Morse v. Liberty Northwest Ins. Corp. [05/03/12] 2012 MTWCC 16 The Court held that although the insurer characterized its relationship with its insured as a “complete disconnect,” ARM 24.5.301(4) states that it should not be construed as relieving any employer from its duty to cooperate and assist its insurer; this Court previously rejected an insurer’s argument that it did not have access to its insured’s files to answer discovery; and § 39-71-2203(1)(a), MCA, imputes an employer’s knowledge to the insurer.  By accepting the responsibility for injury reporting and claims filing, Petitioner’s employer stood in the place of Respondent insurer in dealing with injured workers and acted as Respondent’s agent.

Cissell v. Employers Compensation Ins. Co. [04/18/12] 2012 MTWCC 12 There is an agency relationship between the insurer and the TPA, and any rights and liabilities within the authority of the TPA accrue to the insurer as the principal, including those John Does named by Petitioner who worked on her claim.  Since the insurer is already properly named as a respondent, there is no reason to name such entities or persons as parties in addition to the insurer.  Petitioner shall file an amended petition to reflect the insurer as the only respondent.

Cissell v. Employers Compensation Ins. Co. [04/18/12] 2012 MTWCC 12 The Petitioner named Brentwood Services as a Respondent.  Brentwood adjusted Petitioner’s claim on behalf of the insurer as a third-party administrator (TPA).  As this Court has previously held, a TPA will not be named in the caption of a workers’ compensation case as a matter of course, absent a compelling reason for doing so.

Flynn and Miller v. Montana State Fund [07/14/10] 2010 MTWCC 26 ARM 24.5.301(3) requires any penalty or attorney fee claims to be joined and pleaded in the petition.  Here, Petitioners asserted that they could not have claimed attorney fees and a penalty sooner because the insurers’ allegedly unreasonable actions only arose recently in the course of the litigation.  Because Petitioners’ motion was filed in accordance with Court deadlines and because Respondents provided no basis for denying the requested amendment, the Court granted Petitioners’ motion to amend their petition.

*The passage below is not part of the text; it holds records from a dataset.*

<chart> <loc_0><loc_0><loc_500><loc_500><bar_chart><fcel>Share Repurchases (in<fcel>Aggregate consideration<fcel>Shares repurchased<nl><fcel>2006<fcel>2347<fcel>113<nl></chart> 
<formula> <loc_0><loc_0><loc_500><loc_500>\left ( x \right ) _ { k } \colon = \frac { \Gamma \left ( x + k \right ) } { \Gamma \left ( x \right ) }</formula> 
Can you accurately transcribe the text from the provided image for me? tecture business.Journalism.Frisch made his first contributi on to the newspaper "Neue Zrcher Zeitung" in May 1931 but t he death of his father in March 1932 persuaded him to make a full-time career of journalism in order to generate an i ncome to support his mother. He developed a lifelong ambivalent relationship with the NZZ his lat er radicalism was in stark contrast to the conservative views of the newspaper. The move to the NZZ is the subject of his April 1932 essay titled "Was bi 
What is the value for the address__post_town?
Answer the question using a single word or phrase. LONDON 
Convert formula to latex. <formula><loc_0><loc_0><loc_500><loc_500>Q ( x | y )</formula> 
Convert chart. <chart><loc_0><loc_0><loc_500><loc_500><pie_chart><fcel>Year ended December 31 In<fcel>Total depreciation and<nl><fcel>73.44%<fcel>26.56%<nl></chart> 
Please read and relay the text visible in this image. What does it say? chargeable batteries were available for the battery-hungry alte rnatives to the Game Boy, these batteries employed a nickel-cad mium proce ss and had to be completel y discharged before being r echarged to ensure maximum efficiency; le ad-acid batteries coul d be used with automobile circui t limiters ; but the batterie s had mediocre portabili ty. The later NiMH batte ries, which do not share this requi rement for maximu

Charlson v. Montana State Fund [07/01/10] 2010 MTWCC 23 Respondent attempted to subvert the procedure specified in ARM 24.5.301(3) by moving to dismiss Petitioner’s claim for attorney fees and penalty, alleging that no evidence indicated that Respondent acted unreasonably in the adjustment of Petitioner’s claim.  Respondent suggested that if Petitioner learned through discovery that Respondent unreasonably denied his claim, Petitioner could amend his petition to reinstate the claims.  The Court denied Respondent’s motion, noting that both the parties and the Court are better served by following the procedure established by the Court’s rules and scheduling order. 
Ivie v. MUS Self Funded Workers' Compensation Program [06/09/10] 2010 MTWCC 15 Although ARM 24.5.301 does not prohibit naming a third-party claims administrator as a party in a workers’ compensation benefit dispute, it does not necessarily follow that the Court should allow parties other than the insurer to be named in the caption absent a compelling reason for doing so.  The Court will not exercise jurisdiction over a party that is not necessary to the resolution of a dispute simply because it can.
Ivie v. MUS Self Funded Workers' Compensation Program [06/09/10] 2010 MTWCC 15 Although the claimant argued that a third-party claims administrator was a proper party to his suit because he has a claim against the administrator for benefits, attorney fees, and a penalty, the WCA establishes that liability for these things lies with the insurer and not the third-party administrator.  Therefore, the claimant’s dispute lies with the insurer and there is no dispute with the administrator to adjudicate.

Baker v. Transportation Ins. Co. [02/01/07] 2007 MTWCC 6 It would make little sense for this Court to require Petitioner to attempt to resolve a dispute concerning medical benefits when the entire claim was denied based on an ostensible running of the statute of limitations. It would have been futile for Petitioner to attempt any further piecemeal resolution of the claim after the claim was denied in its entirety based on a statute of limitations. Courts do not require exhaustion of administrative remedies when doing so would be futile. Mountain Water Co. v. Montana Dept. of Pub. Serv. Regulation, 2005 MT 84, 326 Mont. 416, 420, 110 P.3d 20, 22.